Высоки горы, и темны долины; скалы черны, и страшны узкие ущелья. В тот же день не без труда прошли по ним французы. Но когда они увидели, наконец, Гасконь, землю их повелителя, они вспомнили свои земли и дома, своих жен и дочерей и заплакали от радости. Но всех больше волновался Карл, покинувший своего племянника в ущельях испанских гор; с Роландом остались двенадцать пэров и двадцать тысяч французов. Они не знают страха и не боятся смерти. И Карл тоскливо теребит свою бороду, из глаз его катятся слезы, и он закрывается своим плащом. Рядом с ним едет герцог Нэмский.

— Что так заботит тебя? — задает он вопрос королю.

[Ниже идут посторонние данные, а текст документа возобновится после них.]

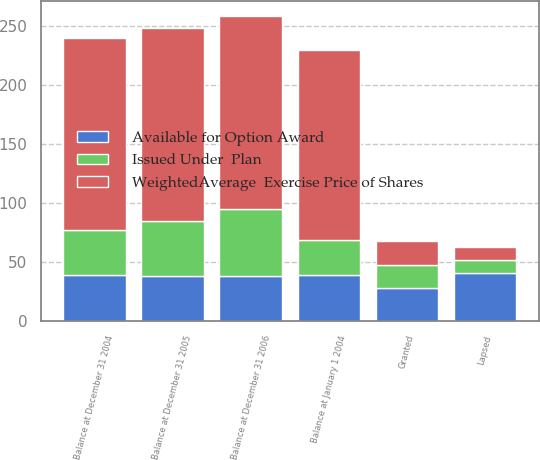Convert chart to OTSL. <chart><loc_0><loc_0><loc_500><loc_500><stacked_bar_chart><ecel><fcel>Balance at January 1 2004<fcel>Granted<fcel>Lapsed<fcel>Balance at December 31 2004<fcel>Balance at December 31 2005<fcel>Balance at December 31 2006<nl><fcel>Issued Under  Plan<fcel>29<fcel>20<fcel>11<fcel>38<fcel>46<fcel>57<nl><fcel>WeightedAverage  Exercise Price of Shares<fcel>161<fcel>20<fcel>11<fcel>163<fcel>164<fcel>163<nl><fcel>Available for Option Award<fcel>39.24<fcel>27.88<fcel>40.69<fcel>38.87<fcel>38.45<fcel>38.16<nl></chart> 
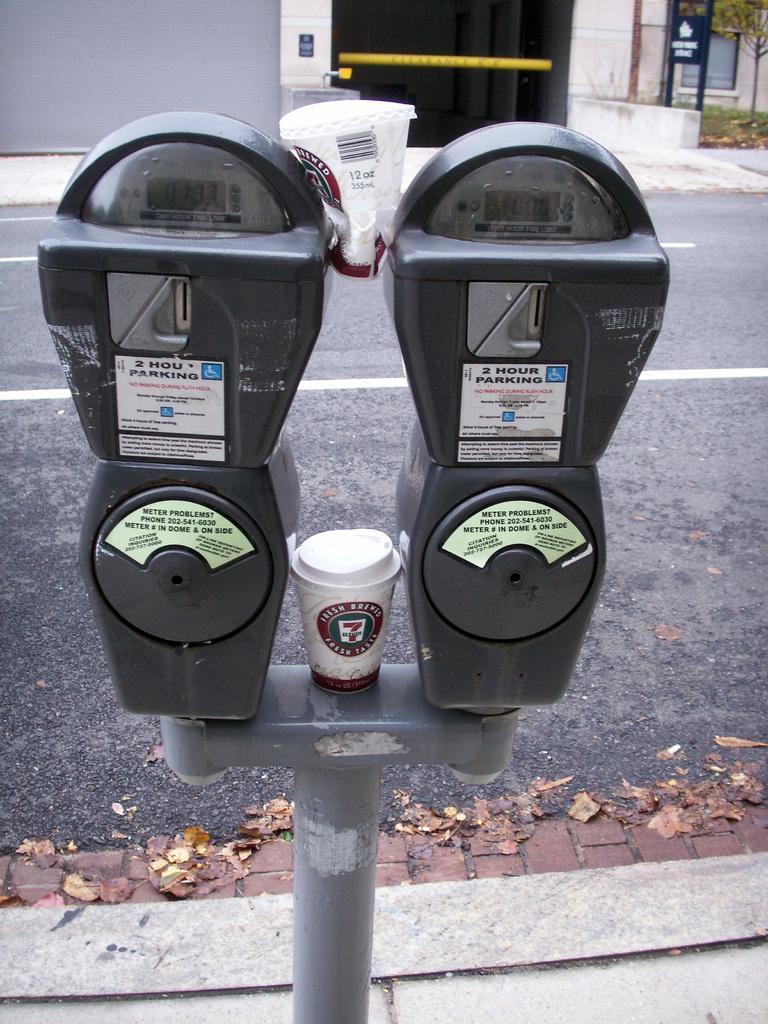Describe this image in one or two sentences. In the center of the image there are parking meters. In the background there is a road and we can see buildings. On the right there is a tree. 
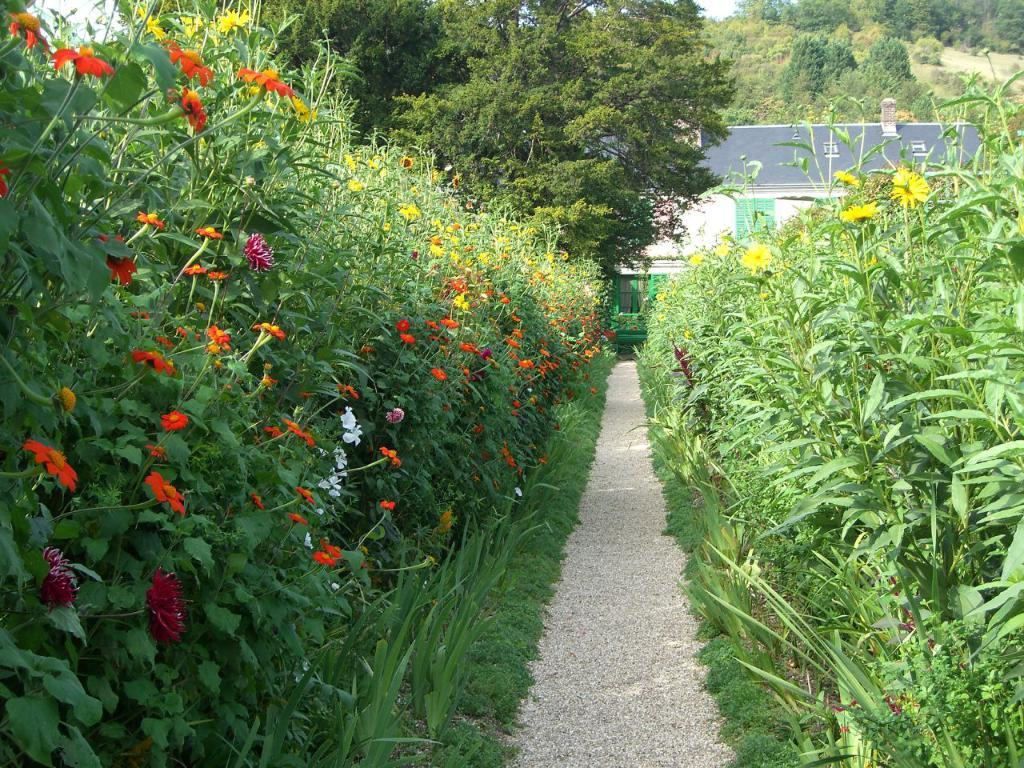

— Нужно ли спрашивать об этом? — отвечает Карл. — Мое горе так велико, что я не могу не плакать: Франция погибнет через Ганелона. Сегодня ночью я видел во сне, что Ганелон сломал копье в моих руках, тот самый Ганелон, что заставил меня оставить в арьергарде моего племянника. Мне пришлось покинуть Роланда во вражьей земле. Что будет, если я потеряю его? На свете нет ему подобного!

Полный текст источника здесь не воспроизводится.